The `Scanner` class has a variety of methods to read different types of input:

• `nextByte()`: Reads a byte value from the user
• `nextShort()`: Reads a short value from the user
• `nextInt()`: Reads an integer value from the user
• `nextLong()`: Reads a long value from the user
• `nextFloat()`: Reads a float value from the user
• `nextDouble()`: Reads a double value from the user
• `nextBoolean()`: Reads a boolean value from the user
• `next()`: Reads a single word from the user
• `nextLine()`: Reads a line of text from the user

Remember to close the scanner object at the end of your program using the `input.close()` statement to prevent resource leaks.

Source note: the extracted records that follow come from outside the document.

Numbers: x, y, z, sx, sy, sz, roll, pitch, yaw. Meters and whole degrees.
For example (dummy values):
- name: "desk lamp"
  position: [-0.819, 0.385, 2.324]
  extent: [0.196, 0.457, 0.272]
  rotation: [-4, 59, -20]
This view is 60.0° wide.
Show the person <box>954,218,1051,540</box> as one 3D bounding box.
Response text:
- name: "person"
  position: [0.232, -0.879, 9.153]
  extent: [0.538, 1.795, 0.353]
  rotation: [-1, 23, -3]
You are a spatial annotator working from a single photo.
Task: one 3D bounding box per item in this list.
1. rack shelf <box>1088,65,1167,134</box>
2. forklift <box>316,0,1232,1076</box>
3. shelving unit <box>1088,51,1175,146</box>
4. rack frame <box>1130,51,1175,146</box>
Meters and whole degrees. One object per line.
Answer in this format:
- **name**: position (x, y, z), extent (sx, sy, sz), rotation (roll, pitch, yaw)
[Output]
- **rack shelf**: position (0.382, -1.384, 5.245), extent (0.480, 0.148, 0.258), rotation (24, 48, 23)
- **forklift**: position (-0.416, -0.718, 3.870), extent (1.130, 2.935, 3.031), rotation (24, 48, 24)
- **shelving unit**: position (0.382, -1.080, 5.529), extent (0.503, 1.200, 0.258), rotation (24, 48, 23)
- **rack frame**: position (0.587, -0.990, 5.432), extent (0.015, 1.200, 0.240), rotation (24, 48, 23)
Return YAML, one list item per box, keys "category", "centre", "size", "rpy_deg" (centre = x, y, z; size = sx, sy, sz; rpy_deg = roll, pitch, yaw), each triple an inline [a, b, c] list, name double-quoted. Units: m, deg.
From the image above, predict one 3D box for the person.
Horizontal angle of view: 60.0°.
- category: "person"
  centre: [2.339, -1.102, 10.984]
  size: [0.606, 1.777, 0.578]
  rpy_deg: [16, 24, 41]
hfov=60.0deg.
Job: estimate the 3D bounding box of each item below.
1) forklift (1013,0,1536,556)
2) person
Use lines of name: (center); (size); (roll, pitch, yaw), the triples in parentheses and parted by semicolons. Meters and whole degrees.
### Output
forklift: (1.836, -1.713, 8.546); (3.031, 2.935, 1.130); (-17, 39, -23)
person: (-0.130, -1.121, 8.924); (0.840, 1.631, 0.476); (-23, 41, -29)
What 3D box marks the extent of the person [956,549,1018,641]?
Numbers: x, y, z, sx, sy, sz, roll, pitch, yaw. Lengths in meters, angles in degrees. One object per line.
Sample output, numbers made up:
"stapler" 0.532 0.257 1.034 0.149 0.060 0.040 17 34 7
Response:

// import the Scanner class
import java.util.Scanner;

class Main
{
    public static void main(String[] args)
    {
        // create a Scanner object
        Scanner input = new Scanner(System.in);

        // get integer input
        System.out.println("Enter an integer:");
        int intValue = input.nextInt();

        // get float input
        System.out.println("Enter a float:");
        float floatValue = input.nextFloat();

        // get double input
        System.out.println("Enter a double:");
        double doubleValue = input.nextDouble();

        // get character input
        System.out.println("Enter a character:");
        char charValue = input.next().charAt(0); // read the next string and take its first character

        // print the inputs
        System.out.println("Your integer is: " + intValue);
        System.out.println("Your float is: " + floatValue);
        System.out.println("Your double is: " + doubleValue);
        System.out.println("Your character is: " + charValue);

        // don't forget to close the scanner
        input.close();
    }
}

Also, always ensure to handle exceptions or provide instructions to the user about the type of input you are expecting in order to prevent input mismatch exceptions. For instance, if you try to use `nextInt()` and the user enters a non-integer value, your program will crash.